Stored entries
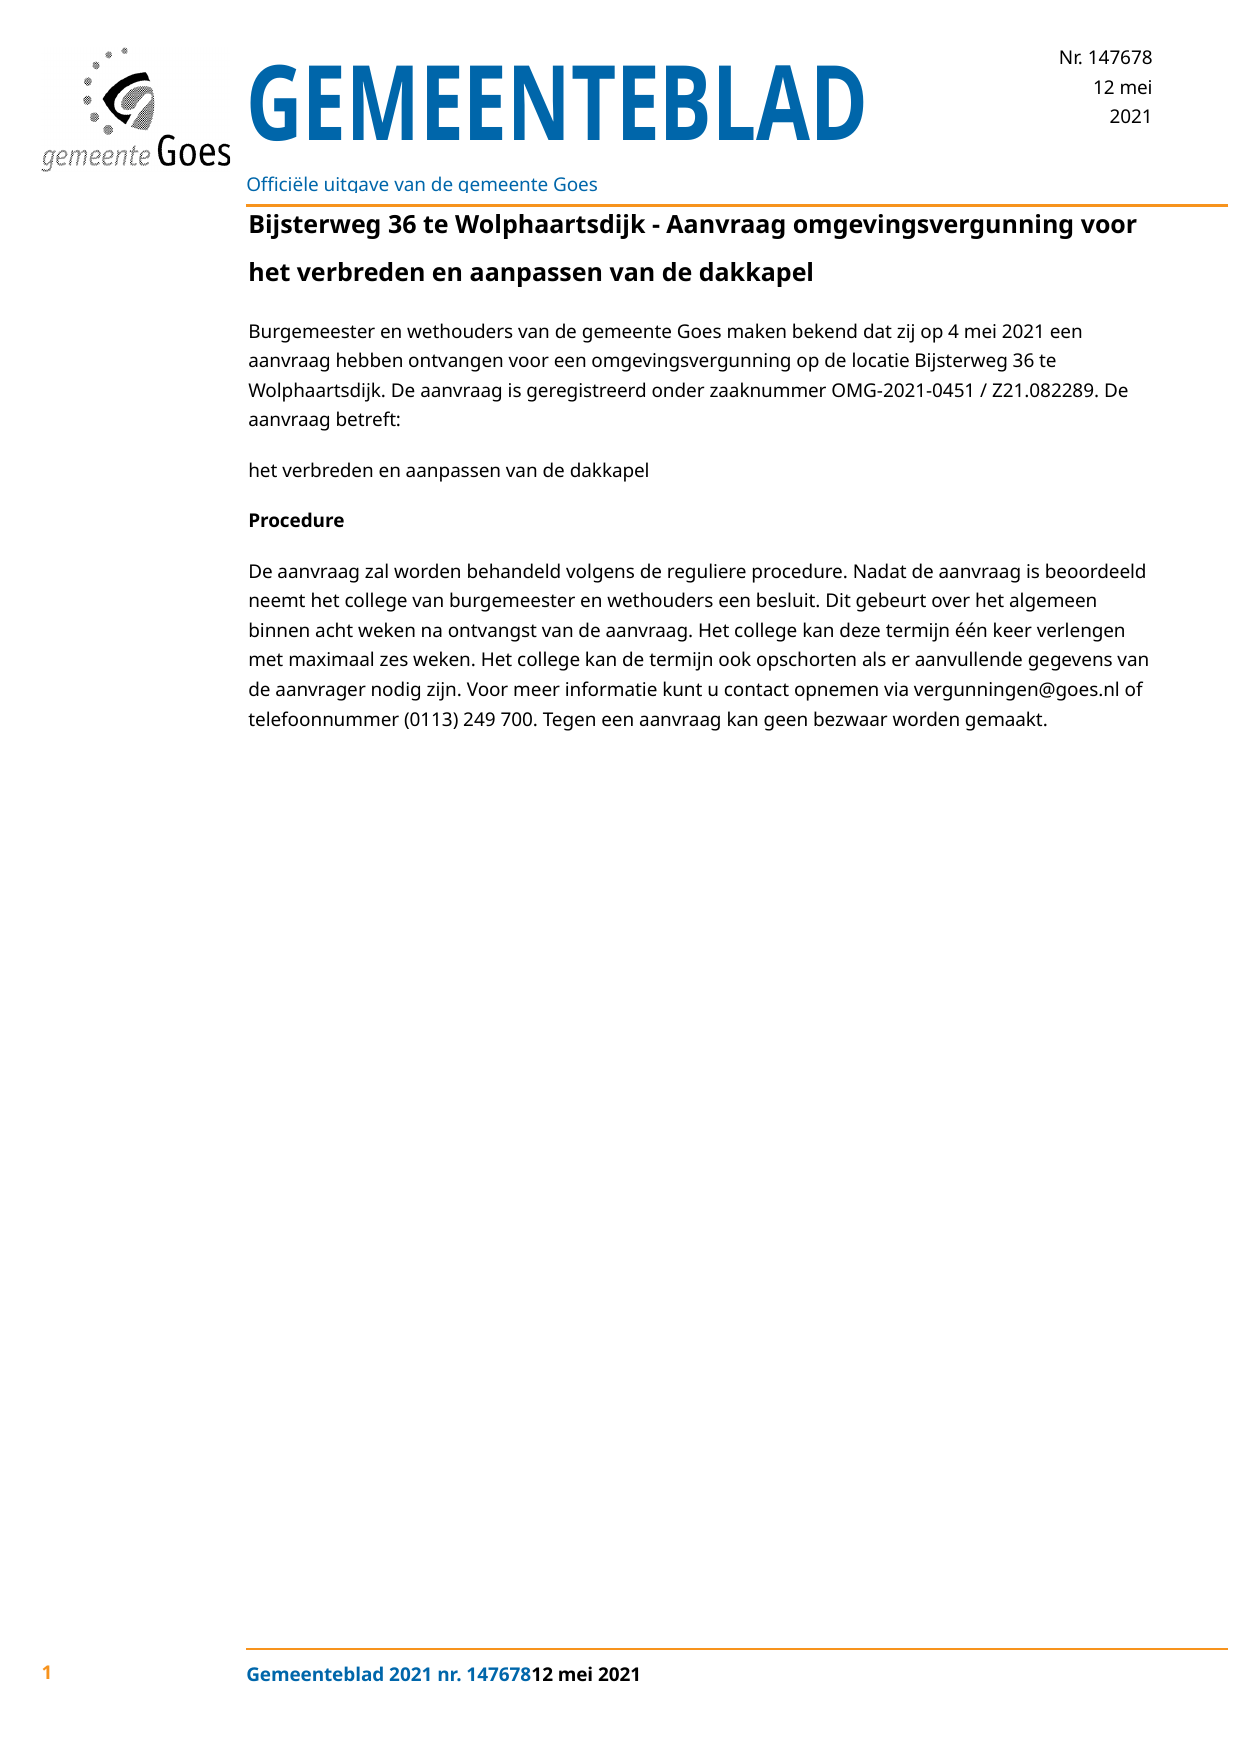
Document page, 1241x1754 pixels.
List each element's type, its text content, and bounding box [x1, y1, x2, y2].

text het verbreden en aanpassen van de dakkapel [248, 457, 1152, 483]
picture [41, 47, 231, 172]
text Bijsterweg 36 te Wolphaartsdijk - Aanvraag omgevingsvergunning voor het verbreden en aanpassen van de dakkapel [248, 207, 1152, 288]
text Burgemeester en wethouders van de gemeente Goes maken bekend dat zij op 4 mei 2021 een aanvraag hebben ontvangen voor een omgevingsvergunning op de locatie Bijsterweg 36 te Wolphaartsdijk. De aanvraag is geregistreerd onder zaaknummer OMG-2021-0451 / Z21.082289. De aanvraag betreft: [248, 318, 1152, 432]
text De aanvraag zal worden behandeld volgens de reguliere procedure. Nadat de aanvraag is beoordeeld neemt het college van burgemeester en wethouders een besluit. Dit gebeurt over het algemeen binnen acht weken na ontvangst van de aanvraag. Het college kan deze termijn één keer verlengen met maximaal zes weken. Het college kan de termijn ook opschorten als er aanvullende gegevens van de aanvrager nodig zijn. Voor meer informatie kunt u contact opnemen via vergunningen@goes.nl of telefoonnummer (0113) 249 700. Tegen een aanvraag kan geen bezwaar worden gemaakt. [248, 558, 1152, 732]
text Procedure [248, 507, 1152, 533]
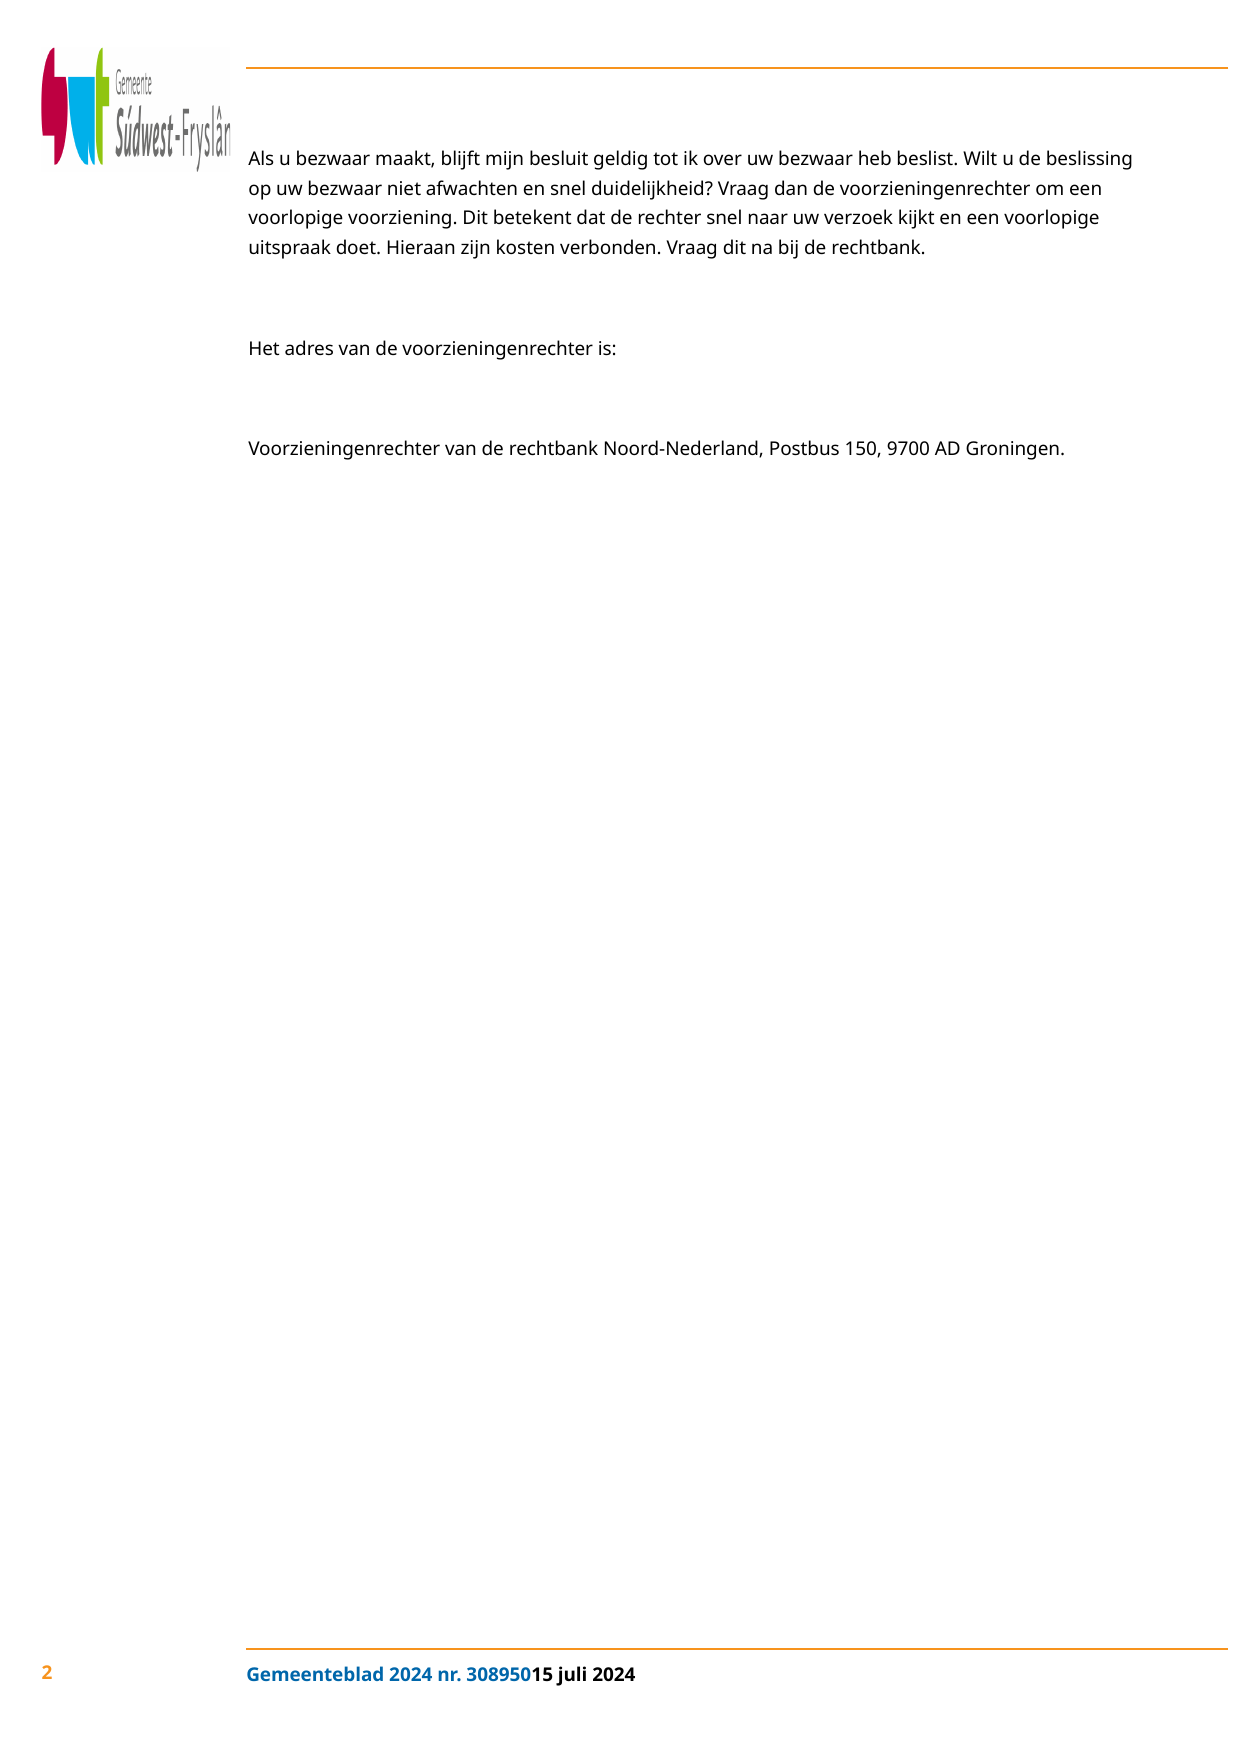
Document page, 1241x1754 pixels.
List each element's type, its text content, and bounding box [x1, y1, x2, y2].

picture [41, 47, 231, 172]
text Voorzieningenrechter van de rechtbank Noord-Nederland, Postbus 150, 9700 AD Groningen. [248, 436, 1152, 461]
text Als u bezwaar maakt, blijft mijn besluit geldig tot ik over uw bezwaar heb beslist. Wilt u de beslissing op uw bezwaar niet afwachten en snel duidelijkheid? Vraag dan de voorzieningenrechter om een voorlopige voorziening. Dit betekent dat de rechter snel naar uw verzoek kijkt en een voorlopige uitspraak doet. Hieraan zijn kosten verbonden. Vraag dit na bij de rechtbank. [248, 145, 1152, 260]
text Het adres van de voorzieningenrechter is: [248, 335, 1152, 361]

Directions for this task: Nothing but the lines from the one with "text De aanvraag" through the end of the entries above, both included, should be set down, exactly and without pictures.

Solved exercise:
text De aanvraag zal worden behandeld volgens de reguliere procedure. Nadat de aanvraag is beoordeeld neemt het college van burgemeester en wethouders een besluit. Dit gebeurt over het algemeen binnen acht weken na ontvangst van de aanvraag. Het college kan deze termijn één keer verlengen met maximaal zes weken. Het college kan de termijn ook opschorten als er aanvullende gegevens van de aanvrager nodig zijn. Voor meer informatie kunt u contact opnemen via vergunningen@goes.nl of telefoonnummer (0113) 249 700. Tegen een aanvraag kan geen bezwaar worden gemaakt. [248, 558, 1152, 732]
text Procedure [248, 507, 1152, 533]
Document page, 1241x1754 pixels.
List each element's type, its text content, and bounding box [x1, y1, x2, y2].

picture [41, 47, 231, 172]
text Voorzieningenrechter van de rechtbank Noord-Nederland, Postbus 150, 9700 AD Groningen. [248, 436, 1152, 461]
text Als u bezwaar maakt, blijft mijn besluit geldig tot ik over uw bezwaar heb beslist. Wilt u de beslissing op uw bezwaar niet afwachten en snel duidelijkheid? Vraag dan de voorzieningenrechter om een voorlopige voorziening. Dit betekent dat de rechter snel naar uw verzoek kijkt en een voorlopige uitspraak doet. Hieraan zijn kosten verbonden. Vraag dit na bij de rechtbank. [248, 145, 1152, 260]
text Het adres van de voorzieningenrechter is: [248, 335, 1152, 361]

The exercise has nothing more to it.